4 Bottom-up feature extraction

The initial step in generating the saliency maps is feature extraction. Eight features are extracted as shown in Fig. 3. These features are colour (C), intensity (I), orientation (O), contrast (Co), centre-bias (Cb), principal component analysis features (PCA), edges (Ed) and frequency-based features (MSS) with each feature category having sub-features. The features range from low-level such as colour and intensity to higher level features such as edges and PCA features. There are two reasons to have many extracted features. First some high-level features such PCA, edges and frequency are assumed to give insight to valuable information about the structure and behaviour of the image. Such information can be very useful for better saliency estimation and and target detection. Secondly, some targets may require additional features or different subsets of features in order to detect them. Itti’s basic features might not be sufficient for target detection. On the other hand, there is no specific number or type of features that are assumed to be sufficient for a general target detection. As a reasonable set of features for target detection, the above-mentioned features are used which is a combination of low, high and efficiently computed features.

The colour feature has four sub-features; red (r), green (g), blue (b) and the quantized colour feature (q). The quantization is performed as follows [9]: assuming an input colour RGB image Im is of size \(H \times W \times 3\) with 8 bits colour depth, the first step is to quantize the colour range by selecting 12 uniformly distributed levels for each colour channel. This will yield 1728 different possible colours. Furthermore, only 5 % of the most occurring colours in natural images are retained. This is done by observing the most frequent colours from a large database of natural images. The images are quantized with these levels yielding a palette of 85 colours. The quantization is done to reduce the histogram space from \(256^{3}\) to only 85 for the subsequent IDM calculation.

The intensity feature has a single sub-feature denoted as I and the orientation features are extracted at \(0^{\circ }, 45^{\circ }, 90^{\circ }\) using Gabor filters. Contrast sub-features are also computed as they have good performance in saliency detection [9, 10, 39] which includes the Red-Green (rg), Blue-Yellow (by) and Hue (h). These sub-features are given as

$$\begin{aligned} rg= & {} \frac{r-g}{\max (r,g,b)}\nonumber \\ by= & {} \frac{b-\min (r,g)}{\max (r,g,b)}\nonumber \\ h= & {} \frac{180}{\pi }\arctan \left( \frac{\sqrt{3}(g-b)}{2r-g-b}\right) \end{aligned}$$
(2)

It is worth mentioning here that the colour features are object level features and more suited for object detection whereas colour contrast is more effective for saliency detection. This is the reason for including both types of features.

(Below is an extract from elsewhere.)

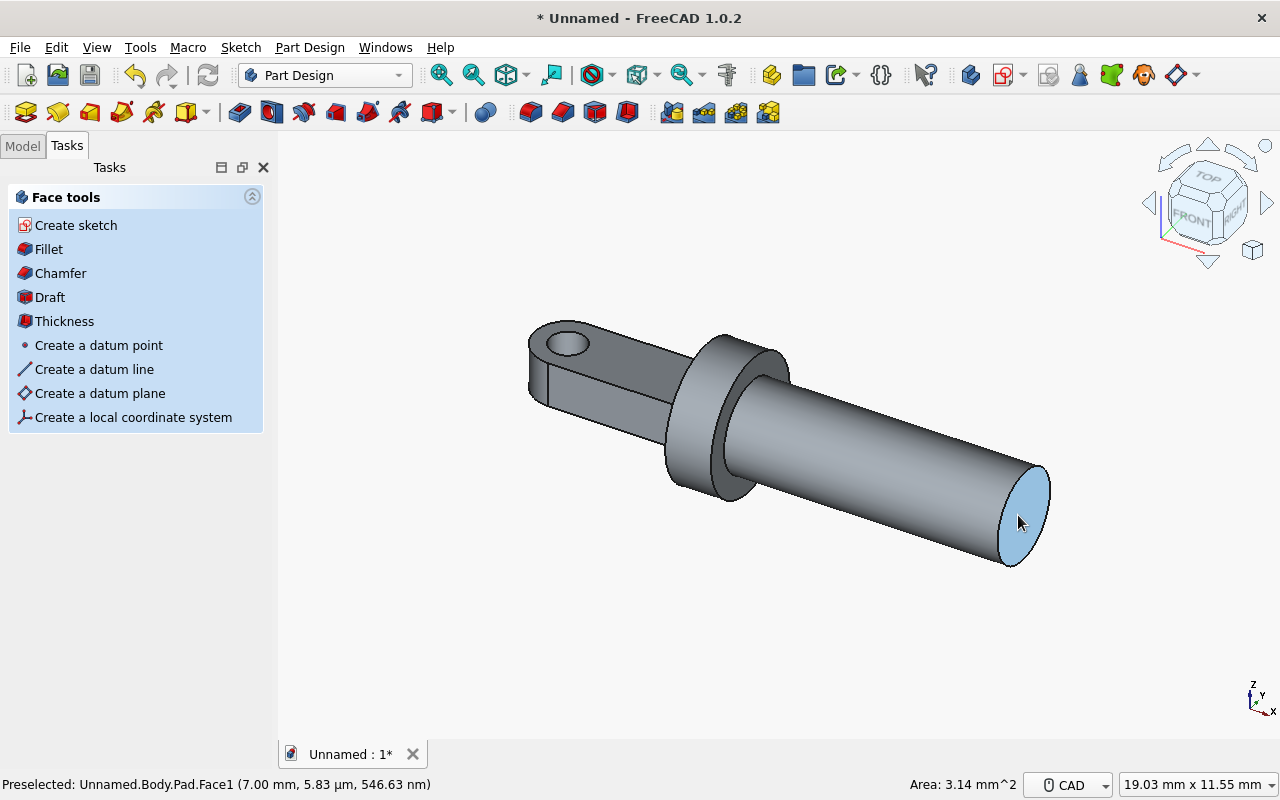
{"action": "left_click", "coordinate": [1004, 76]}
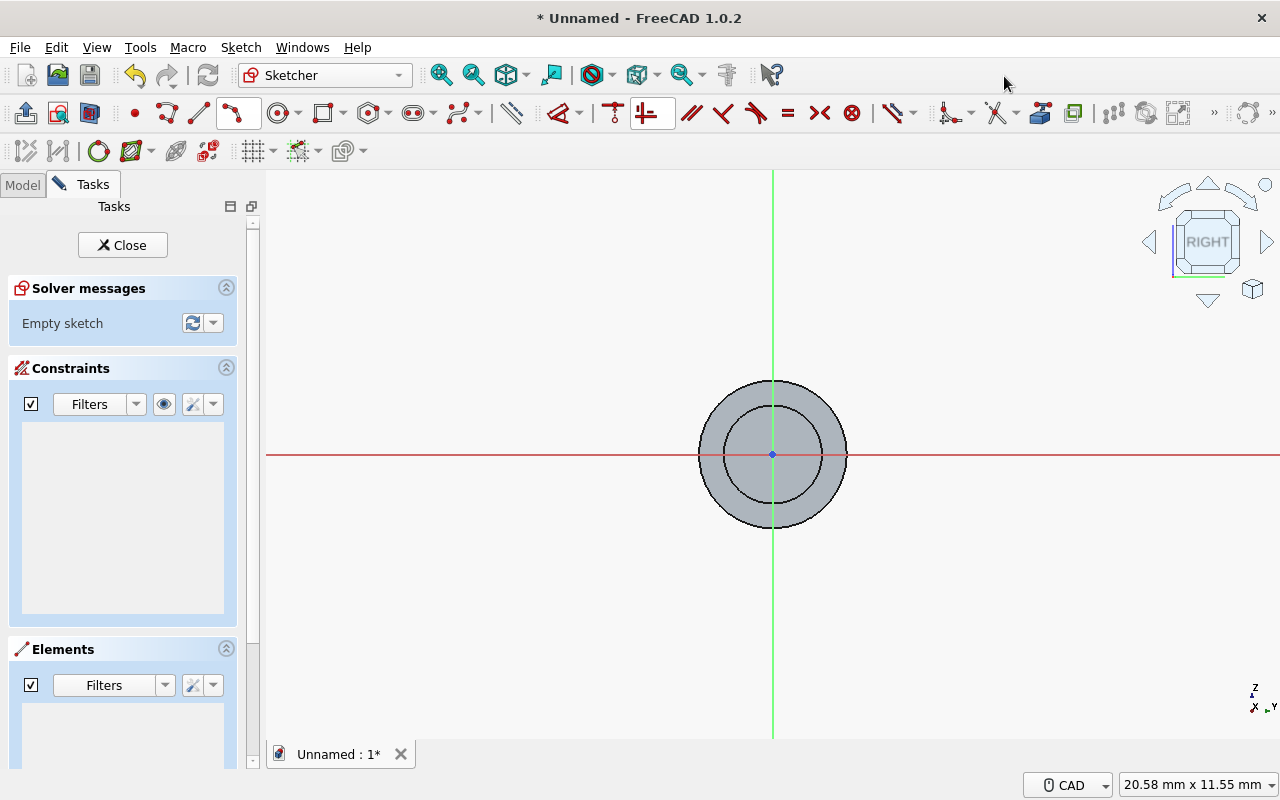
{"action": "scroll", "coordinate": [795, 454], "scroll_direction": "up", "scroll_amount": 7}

The next feature is the PCA-based features. PCA is a statistical approach that transforms a set of correlated observations/features into orthogonal uncorrelated segments called principal components (PCs). Irrelevant details and noise are neglected while finding these PCs. The obtained PCs are assumed to describe important features contained in the data, in this case images. Previously, PCA was used for extracting useful features for salient object detection [10, 33, 45]. One way to implement PCA on the input image is to consider square patches of the input image and then to extract the PCs of the patches separately [33]. However, in this work and for better efficiency, PCA is applied colour wise rather than patch wise as the number of patches \(L \gg 3\). We only have three colour channels in the latter to apply PCA on, making this approach more efficient.

The input colour image ‘Im’ of size \(H \times W \times 3\) is reshaped in such a manner that each colour layer is transformed into a single dimension column vector of length \(H \times W\) denoted as \(\mathbf x _{i}\). After concatenating the three layers column wise, we get a reshaped layer matrix \(\mathbf X \) representation of the image such that \(\mathbf X = [\mathbf x _{1} , \mathbf x _{2}, \mathbf x _{3}]\).

The mean value of each column in \(\mathbf X \) is subtracted from the corresponding column. This is followed by the computation of the covariance matrix of \(\mathbf X \) and then the eigenvectors. Each eigenvector represents one of the PCs of a total of three PCs denoted as \(d_{1}\), \(d_{2}\) and \(d_{3}\). These components are ordered according to the magnitude of their eigenvalues such that \(d_{1}\) is associated with the highest eigenvalue. In our experiments, it has been observed empirically that only the first two components prove useful.

The next feature is the edge map which is extracted in vertical, horizontal and diagonal directions. Although there are four sub-features for the edge feature, these are considered as a single sub-feature denoted as ‘Ed’ for a reason mentioned later in this section.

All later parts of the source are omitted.